**Work instruction**. This task calls for copying every line of the records that includes the word "percussion".

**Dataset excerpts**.
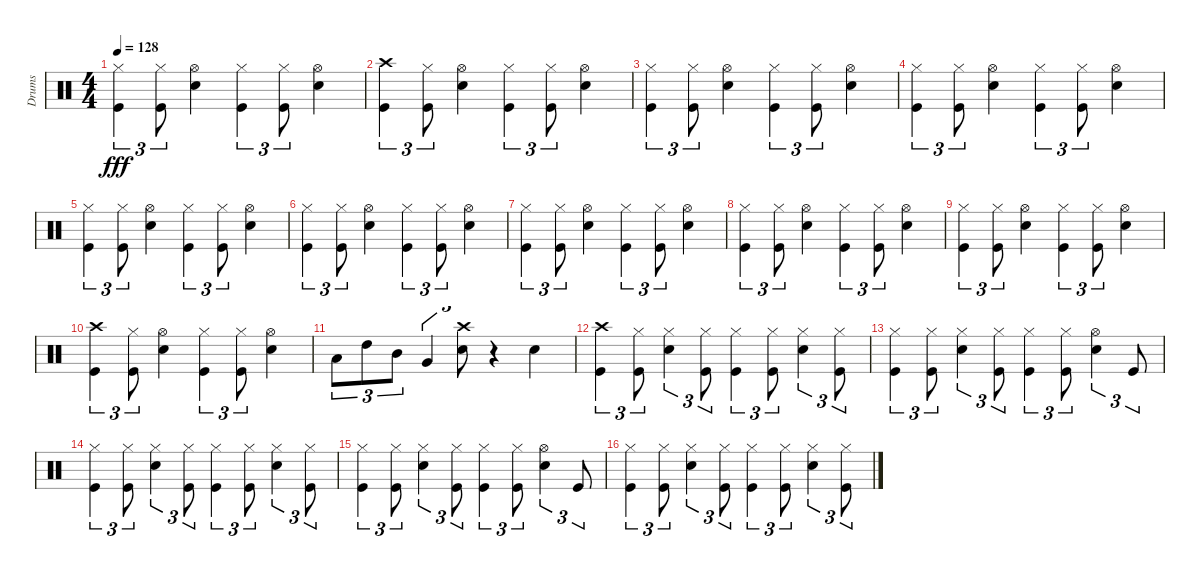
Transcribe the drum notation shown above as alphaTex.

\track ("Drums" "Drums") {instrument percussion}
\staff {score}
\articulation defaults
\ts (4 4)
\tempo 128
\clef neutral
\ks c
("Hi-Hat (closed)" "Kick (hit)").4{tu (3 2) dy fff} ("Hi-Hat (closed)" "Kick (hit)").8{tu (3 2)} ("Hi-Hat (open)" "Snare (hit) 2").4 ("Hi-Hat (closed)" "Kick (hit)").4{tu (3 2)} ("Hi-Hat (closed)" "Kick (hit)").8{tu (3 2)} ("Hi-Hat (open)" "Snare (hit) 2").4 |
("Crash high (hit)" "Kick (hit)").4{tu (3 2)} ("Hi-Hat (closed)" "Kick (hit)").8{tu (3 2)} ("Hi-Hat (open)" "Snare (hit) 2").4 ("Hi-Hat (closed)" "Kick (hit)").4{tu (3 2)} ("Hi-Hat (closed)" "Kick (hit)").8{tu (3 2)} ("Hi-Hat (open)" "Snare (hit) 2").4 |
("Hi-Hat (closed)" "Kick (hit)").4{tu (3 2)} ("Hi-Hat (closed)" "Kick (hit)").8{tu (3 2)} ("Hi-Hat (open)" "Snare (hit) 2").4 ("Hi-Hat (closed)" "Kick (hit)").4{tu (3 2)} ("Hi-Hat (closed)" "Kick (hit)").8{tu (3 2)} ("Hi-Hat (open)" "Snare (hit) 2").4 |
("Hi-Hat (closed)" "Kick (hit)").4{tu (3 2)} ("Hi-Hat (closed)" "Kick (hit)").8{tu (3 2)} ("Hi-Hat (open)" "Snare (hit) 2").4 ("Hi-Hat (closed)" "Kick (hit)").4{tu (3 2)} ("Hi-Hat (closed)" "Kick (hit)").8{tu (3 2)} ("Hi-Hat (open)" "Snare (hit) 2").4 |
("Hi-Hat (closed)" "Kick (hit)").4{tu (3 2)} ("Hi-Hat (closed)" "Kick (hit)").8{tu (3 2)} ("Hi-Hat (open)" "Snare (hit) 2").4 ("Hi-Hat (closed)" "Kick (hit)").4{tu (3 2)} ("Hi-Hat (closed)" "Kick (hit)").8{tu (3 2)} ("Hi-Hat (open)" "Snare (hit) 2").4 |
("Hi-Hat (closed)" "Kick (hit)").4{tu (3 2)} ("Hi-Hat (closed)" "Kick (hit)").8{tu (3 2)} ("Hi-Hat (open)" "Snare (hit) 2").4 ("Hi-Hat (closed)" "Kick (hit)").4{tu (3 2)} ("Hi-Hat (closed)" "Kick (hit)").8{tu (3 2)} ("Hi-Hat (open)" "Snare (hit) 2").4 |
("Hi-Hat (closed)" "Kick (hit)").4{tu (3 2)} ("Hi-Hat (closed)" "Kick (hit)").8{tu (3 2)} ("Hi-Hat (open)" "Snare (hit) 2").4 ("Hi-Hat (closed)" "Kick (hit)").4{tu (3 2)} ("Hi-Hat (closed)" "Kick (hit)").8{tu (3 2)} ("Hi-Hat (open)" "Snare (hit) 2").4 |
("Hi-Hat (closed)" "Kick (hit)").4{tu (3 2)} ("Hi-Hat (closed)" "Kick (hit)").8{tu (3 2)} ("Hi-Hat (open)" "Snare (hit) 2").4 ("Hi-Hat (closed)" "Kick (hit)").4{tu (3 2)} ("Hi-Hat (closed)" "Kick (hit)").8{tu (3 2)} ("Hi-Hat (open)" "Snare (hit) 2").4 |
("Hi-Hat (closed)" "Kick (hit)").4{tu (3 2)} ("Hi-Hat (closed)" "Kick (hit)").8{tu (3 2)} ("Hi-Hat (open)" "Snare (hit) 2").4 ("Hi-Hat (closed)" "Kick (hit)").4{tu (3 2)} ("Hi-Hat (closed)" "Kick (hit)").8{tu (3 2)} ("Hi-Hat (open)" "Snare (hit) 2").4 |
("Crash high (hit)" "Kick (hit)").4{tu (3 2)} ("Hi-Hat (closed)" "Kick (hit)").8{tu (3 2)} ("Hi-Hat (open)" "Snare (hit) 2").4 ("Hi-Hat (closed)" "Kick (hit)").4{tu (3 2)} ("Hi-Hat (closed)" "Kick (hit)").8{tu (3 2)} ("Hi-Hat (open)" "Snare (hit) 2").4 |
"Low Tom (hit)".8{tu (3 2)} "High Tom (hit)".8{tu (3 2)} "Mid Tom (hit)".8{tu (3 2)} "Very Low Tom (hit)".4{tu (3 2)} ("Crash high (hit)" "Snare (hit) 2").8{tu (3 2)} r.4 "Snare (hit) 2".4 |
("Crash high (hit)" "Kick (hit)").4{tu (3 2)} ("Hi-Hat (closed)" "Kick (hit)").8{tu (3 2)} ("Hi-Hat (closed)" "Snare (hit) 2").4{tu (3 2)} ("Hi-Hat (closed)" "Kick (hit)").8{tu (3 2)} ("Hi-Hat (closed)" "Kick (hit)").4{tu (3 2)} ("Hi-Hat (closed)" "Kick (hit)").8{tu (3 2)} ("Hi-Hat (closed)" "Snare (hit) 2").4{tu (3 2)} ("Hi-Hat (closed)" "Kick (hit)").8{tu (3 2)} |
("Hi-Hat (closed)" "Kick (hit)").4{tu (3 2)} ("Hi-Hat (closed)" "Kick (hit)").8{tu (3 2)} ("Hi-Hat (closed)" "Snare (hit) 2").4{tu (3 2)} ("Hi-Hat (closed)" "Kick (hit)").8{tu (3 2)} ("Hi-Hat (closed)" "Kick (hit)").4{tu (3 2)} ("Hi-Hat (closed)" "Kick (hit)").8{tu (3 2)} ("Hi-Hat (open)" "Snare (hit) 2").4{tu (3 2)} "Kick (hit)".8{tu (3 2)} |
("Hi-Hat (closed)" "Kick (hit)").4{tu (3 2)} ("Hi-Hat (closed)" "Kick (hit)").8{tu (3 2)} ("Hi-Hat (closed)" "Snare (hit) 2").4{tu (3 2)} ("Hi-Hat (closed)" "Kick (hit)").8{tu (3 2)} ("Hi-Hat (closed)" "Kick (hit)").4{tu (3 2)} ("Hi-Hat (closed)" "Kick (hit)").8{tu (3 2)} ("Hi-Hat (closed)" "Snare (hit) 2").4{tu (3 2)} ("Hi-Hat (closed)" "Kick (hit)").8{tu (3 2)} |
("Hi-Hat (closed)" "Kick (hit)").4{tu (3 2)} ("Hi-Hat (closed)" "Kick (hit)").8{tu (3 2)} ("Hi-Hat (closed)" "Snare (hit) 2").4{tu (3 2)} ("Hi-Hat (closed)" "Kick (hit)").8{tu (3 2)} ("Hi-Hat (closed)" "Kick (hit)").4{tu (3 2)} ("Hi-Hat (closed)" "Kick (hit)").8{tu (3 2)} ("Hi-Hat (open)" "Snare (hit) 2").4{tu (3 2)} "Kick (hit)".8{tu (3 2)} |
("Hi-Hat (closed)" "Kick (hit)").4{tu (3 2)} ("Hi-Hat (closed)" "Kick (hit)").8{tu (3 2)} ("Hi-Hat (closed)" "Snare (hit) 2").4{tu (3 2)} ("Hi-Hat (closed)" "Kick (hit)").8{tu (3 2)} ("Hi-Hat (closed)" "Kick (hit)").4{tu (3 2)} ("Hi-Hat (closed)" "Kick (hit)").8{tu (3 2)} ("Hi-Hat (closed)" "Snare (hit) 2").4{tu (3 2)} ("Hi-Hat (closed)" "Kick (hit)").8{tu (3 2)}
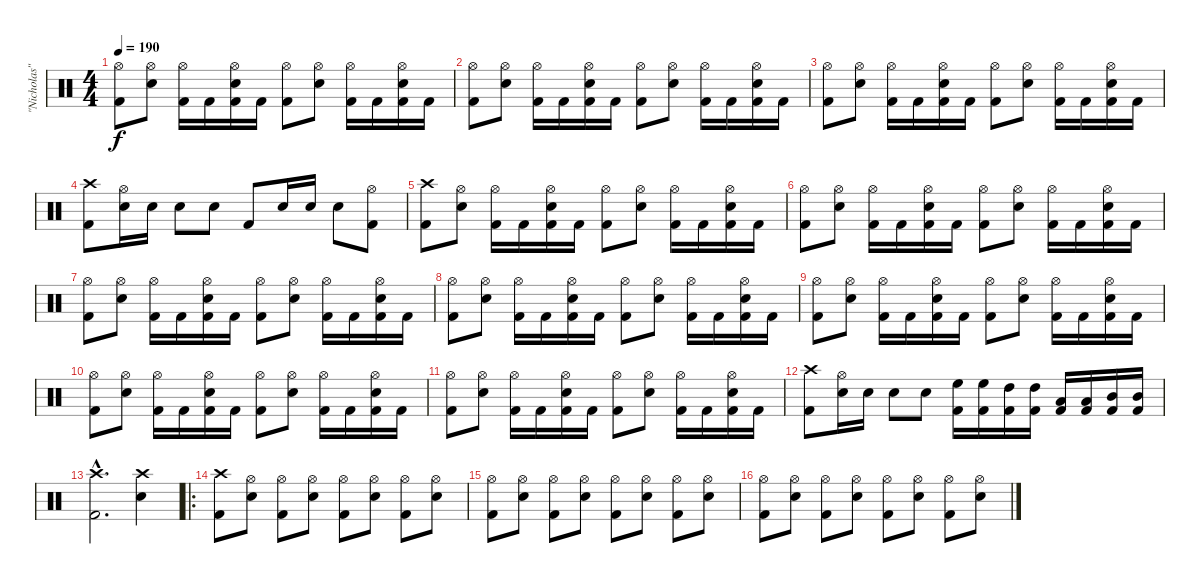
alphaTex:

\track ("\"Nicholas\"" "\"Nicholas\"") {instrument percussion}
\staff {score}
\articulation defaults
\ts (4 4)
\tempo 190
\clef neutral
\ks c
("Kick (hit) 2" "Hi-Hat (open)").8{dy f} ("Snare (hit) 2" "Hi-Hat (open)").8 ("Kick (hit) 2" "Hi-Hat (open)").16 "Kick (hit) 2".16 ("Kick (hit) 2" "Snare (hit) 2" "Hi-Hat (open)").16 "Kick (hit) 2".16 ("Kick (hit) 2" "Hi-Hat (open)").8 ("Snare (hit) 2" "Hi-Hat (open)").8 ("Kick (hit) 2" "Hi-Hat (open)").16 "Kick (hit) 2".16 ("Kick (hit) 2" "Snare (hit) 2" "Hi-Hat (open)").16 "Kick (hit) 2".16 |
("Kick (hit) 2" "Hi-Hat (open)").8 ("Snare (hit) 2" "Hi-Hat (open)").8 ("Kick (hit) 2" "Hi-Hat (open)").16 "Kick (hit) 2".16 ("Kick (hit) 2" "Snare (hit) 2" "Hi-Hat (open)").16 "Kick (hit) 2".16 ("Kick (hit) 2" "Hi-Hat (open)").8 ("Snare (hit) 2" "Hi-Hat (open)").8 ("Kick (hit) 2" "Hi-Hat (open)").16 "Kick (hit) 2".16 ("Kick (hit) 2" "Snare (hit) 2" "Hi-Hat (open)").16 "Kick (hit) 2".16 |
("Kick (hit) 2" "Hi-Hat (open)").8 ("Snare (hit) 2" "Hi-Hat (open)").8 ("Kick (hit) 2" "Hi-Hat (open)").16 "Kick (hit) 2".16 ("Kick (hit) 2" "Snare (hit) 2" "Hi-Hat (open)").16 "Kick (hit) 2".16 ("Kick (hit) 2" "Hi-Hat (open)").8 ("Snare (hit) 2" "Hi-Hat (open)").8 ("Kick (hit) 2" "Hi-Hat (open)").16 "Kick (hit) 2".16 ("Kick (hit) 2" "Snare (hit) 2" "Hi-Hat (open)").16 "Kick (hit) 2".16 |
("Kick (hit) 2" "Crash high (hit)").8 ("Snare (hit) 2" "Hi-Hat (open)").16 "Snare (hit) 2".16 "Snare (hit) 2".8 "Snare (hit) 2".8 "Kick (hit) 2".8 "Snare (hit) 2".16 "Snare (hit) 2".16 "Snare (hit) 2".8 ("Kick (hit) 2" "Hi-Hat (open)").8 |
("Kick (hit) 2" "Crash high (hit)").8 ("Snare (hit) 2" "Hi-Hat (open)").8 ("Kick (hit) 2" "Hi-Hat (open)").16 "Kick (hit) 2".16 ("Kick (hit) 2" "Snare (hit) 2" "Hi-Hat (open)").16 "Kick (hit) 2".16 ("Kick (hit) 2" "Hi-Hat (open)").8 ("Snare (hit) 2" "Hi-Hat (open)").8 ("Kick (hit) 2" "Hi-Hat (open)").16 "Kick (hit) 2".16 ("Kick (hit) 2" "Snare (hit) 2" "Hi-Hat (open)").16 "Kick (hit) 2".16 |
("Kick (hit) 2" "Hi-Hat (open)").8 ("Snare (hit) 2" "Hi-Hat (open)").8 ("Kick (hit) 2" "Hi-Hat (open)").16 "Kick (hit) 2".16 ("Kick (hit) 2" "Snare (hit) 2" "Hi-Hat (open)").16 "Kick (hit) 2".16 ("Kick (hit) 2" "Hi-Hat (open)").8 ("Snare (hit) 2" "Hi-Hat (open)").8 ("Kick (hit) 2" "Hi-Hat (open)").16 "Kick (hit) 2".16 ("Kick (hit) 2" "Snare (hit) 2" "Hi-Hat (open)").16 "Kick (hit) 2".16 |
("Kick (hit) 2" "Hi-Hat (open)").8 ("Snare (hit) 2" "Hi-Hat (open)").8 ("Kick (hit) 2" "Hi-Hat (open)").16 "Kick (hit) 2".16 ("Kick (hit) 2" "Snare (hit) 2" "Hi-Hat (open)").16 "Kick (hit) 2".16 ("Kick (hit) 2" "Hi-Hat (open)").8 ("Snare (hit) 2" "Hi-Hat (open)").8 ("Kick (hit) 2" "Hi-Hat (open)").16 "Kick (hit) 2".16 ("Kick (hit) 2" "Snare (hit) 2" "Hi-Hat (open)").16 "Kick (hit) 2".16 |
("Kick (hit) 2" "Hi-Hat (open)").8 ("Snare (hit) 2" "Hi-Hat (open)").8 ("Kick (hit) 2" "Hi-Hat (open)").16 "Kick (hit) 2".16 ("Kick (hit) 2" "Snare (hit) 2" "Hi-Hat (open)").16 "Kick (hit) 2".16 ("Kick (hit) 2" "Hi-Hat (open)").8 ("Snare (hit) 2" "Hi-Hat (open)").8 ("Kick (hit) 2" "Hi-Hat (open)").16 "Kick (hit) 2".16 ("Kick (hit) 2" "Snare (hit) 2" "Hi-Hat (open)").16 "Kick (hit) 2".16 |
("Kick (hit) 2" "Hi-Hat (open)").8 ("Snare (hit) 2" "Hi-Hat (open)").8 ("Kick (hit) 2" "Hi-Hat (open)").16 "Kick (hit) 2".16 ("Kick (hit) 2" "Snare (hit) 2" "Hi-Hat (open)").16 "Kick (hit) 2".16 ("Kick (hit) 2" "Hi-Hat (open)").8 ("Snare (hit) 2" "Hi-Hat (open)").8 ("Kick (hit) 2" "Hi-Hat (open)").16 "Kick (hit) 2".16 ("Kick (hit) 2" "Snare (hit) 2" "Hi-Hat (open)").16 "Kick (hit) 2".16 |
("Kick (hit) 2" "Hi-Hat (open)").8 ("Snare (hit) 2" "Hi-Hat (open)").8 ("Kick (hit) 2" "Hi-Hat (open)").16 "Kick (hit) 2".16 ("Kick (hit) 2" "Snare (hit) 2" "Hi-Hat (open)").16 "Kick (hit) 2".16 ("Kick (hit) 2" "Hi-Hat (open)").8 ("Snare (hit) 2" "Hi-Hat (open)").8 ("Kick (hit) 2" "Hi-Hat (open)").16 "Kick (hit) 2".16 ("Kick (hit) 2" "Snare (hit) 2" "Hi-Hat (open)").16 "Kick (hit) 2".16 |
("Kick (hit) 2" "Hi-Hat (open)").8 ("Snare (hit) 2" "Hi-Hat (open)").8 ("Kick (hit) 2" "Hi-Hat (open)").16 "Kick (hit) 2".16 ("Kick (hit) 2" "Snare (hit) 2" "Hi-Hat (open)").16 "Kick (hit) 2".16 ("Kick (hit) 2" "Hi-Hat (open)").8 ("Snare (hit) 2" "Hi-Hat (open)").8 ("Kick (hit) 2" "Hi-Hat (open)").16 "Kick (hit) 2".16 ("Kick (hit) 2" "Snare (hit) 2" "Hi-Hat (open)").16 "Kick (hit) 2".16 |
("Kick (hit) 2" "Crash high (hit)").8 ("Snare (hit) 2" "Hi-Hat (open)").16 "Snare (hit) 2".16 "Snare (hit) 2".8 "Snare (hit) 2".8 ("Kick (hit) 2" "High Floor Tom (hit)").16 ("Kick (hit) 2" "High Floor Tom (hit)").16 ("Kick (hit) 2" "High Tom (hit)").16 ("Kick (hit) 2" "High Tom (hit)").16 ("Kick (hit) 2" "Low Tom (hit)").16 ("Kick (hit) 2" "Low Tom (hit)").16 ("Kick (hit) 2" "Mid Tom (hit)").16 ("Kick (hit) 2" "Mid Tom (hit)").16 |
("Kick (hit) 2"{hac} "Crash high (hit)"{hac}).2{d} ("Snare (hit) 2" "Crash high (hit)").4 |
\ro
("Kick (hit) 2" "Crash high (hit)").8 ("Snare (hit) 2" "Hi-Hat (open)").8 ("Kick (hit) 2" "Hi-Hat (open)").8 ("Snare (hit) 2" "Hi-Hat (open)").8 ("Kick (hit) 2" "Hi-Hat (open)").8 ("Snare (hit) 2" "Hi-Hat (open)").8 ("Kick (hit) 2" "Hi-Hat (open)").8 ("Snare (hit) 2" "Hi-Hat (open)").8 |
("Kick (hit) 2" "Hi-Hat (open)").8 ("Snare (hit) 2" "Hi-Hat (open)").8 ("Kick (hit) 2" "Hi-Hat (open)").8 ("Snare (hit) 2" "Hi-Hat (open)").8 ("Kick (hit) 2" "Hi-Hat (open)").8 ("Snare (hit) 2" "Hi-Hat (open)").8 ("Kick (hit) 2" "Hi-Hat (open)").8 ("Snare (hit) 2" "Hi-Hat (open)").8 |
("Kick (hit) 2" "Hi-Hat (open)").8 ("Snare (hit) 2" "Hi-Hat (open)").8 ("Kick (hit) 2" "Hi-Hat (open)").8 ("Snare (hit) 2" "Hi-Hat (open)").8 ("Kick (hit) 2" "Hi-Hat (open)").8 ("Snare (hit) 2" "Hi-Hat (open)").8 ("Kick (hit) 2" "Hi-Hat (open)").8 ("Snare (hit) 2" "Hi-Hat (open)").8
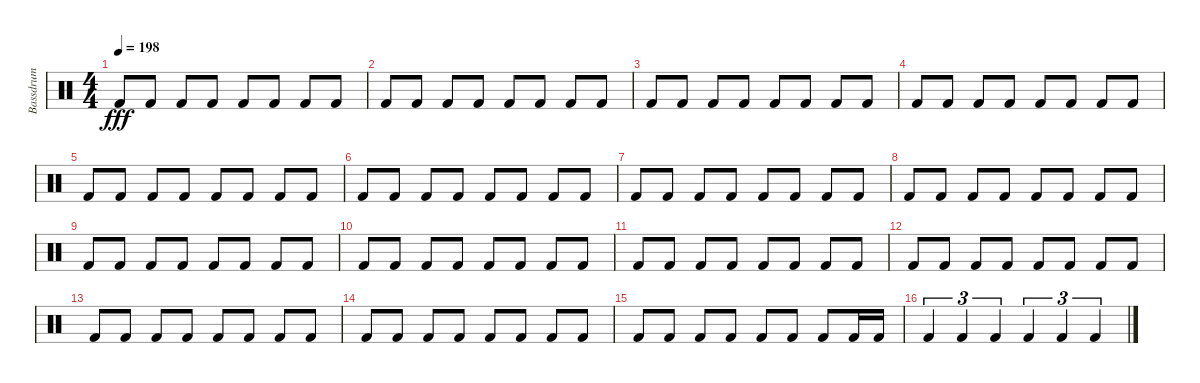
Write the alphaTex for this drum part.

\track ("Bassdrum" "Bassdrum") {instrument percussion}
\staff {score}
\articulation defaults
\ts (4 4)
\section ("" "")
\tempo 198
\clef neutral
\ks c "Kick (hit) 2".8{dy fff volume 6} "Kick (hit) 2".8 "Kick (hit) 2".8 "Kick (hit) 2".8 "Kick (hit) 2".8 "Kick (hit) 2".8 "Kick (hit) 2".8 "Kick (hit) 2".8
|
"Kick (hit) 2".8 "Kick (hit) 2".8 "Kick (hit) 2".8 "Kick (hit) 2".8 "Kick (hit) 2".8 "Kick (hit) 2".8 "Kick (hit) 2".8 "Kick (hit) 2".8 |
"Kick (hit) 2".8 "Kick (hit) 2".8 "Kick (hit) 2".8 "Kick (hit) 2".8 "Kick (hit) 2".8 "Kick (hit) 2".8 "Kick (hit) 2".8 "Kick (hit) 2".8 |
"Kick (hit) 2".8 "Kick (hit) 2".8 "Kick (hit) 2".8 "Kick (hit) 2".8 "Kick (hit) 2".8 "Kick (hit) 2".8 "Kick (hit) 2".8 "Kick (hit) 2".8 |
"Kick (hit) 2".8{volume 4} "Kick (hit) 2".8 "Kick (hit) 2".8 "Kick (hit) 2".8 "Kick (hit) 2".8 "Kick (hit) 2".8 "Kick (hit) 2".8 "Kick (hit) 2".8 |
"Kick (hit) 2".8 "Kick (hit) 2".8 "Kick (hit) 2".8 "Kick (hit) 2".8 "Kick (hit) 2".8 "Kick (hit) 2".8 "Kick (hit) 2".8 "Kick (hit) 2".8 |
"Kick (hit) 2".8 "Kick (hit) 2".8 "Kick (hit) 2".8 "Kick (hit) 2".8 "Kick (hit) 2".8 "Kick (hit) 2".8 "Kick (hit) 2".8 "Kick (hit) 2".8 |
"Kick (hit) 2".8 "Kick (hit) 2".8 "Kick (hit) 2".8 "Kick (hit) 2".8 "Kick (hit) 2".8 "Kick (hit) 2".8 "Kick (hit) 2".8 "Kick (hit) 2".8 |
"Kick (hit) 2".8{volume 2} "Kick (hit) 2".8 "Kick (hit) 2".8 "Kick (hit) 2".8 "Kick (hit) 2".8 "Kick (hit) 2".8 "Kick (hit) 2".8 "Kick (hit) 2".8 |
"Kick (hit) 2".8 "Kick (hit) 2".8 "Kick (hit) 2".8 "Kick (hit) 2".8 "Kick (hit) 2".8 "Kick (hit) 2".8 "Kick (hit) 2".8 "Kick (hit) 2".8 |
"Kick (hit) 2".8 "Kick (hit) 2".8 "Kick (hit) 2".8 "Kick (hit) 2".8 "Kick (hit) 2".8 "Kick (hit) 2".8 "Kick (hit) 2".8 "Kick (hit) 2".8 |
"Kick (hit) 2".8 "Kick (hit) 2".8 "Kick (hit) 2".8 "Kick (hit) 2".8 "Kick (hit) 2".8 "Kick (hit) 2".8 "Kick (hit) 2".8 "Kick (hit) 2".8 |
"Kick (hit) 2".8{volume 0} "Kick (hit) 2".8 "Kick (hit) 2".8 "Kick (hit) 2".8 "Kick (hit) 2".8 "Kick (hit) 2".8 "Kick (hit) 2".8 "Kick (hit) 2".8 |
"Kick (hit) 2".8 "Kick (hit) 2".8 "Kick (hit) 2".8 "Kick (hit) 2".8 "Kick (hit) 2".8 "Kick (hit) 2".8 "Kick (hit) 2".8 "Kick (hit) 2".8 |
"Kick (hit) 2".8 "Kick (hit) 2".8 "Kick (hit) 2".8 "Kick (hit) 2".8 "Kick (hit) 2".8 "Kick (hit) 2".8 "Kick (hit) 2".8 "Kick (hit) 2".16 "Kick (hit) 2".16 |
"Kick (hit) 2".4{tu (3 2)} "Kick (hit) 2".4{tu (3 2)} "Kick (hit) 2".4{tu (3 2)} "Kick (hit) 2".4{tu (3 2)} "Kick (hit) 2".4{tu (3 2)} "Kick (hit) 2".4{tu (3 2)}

**Exercise solution**.
\track ("Drums" "Drums") {instrument percussion}
\track ("\"Nicholas\"" "\"Nicholas\"") {instrument percussion}
\track ("Bassdrum" "Bassdrum") {instrument percussion}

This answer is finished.